Author: Jandy Nelson Published: September 16, 2014 by Dial Books
It’s been a long time since I read a book in which I fell so in love with the characters that I wanted to live with them forever, so in love with the words that I just wanted to read them over and over and over again. For me, this is one of those books.
The way the stories in I’ll Give You the Sun unfold and intertwine is magically written, the characters are explosive, they are incredibly real and I fell in love with them so hard and fast it winded me. Noah and Jude, and even Oscar, are heartbreakingly true, and untrue, to themselves and to the world. The relationships between them are constantly changing, fluid and fluxing with the world around them as that changes, sometimes for the better, but often for the worst. They act as most teenagers would act, angry and lost and confused, there’s no out of place wisdom or uncharacteristic know-all. They are simply real teenagers, with wonderfully rich personalities.

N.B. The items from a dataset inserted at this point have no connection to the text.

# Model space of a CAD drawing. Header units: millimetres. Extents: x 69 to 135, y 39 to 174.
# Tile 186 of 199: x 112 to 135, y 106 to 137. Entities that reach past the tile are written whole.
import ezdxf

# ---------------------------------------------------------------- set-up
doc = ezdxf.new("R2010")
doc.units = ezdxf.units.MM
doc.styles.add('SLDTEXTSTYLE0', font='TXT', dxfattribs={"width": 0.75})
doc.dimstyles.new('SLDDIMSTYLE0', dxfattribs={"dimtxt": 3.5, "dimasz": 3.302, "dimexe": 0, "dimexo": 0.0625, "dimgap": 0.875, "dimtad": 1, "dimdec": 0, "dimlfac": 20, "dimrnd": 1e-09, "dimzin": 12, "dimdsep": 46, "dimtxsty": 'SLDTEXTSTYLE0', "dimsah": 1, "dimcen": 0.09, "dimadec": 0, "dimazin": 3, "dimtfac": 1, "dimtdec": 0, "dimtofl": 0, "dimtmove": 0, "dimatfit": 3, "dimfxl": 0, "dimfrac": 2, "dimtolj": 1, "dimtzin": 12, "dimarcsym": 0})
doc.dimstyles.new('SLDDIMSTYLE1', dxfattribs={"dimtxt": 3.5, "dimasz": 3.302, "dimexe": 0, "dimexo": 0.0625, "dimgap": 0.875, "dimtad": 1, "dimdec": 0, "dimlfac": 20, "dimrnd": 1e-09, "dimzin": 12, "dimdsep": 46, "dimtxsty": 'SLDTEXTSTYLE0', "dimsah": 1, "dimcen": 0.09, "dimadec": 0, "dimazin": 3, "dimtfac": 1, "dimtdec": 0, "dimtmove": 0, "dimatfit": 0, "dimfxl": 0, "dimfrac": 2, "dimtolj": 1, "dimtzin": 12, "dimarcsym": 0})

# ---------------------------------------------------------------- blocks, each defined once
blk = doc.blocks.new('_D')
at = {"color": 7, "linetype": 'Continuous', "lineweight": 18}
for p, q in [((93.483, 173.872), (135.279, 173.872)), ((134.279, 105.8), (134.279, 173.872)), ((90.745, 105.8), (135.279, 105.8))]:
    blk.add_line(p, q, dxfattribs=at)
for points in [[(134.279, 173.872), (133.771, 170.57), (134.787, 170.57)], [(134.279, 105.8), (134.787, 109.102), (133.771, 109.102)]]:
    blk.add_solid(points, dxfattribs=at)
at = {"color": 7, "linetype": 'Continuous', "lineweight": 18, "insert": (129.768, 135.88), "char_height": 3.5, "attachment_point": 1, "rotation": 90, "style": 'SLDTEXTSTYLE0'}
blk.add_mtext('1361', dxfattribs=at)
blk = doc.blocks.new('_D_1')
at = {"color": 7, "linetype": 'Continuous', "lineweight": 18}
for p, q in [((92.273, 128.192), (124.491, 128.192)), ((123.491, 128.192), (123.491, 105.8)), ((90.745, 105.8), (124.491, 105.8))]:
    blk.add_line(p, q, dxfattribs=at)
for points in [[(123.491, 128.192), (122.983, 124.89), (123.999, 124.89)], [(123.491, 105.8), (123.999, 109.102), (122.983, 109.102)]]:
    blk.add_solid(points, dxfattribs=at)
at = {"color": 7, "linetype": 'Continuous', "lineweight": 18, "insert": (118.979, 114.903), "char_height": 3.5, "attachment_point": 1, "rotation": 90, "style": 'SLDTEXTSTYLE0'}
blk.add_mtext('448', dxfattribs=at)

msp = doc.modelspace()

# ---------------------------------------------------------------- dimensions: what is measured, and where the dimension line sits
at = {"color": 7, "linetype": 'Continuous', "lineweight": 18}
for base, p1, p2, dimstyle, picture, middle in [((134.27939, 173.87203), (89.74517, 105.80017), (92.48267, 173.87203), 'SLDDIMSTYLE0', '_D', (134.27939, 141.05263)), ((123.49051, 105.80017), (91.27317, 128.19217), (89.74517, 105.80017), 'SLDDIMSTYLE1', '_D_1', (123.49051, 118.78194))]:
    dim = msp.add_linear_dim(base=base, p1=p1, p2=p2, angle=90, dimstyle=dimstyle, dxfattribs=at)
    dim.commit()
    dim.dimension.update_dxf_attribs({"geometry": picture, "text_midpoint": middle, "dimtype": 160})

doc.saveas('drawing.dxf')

And then there is the language – oh, the language! – such vivid images are created in your mind as you read the words that the colours start to lift from the page and fill the room you’re in. Such amazingly simple, but so very complex detail, such explosive descriptions that just make you want to keep reading and never stop. The language was my favourite thing about this book, as much as I loved Noah, and then Jude, or even Oscar and Brian, I loved the language. Jandy Nelson has such a sublime and inspiring way with words, the language begged me to become a better writer, just from reading it.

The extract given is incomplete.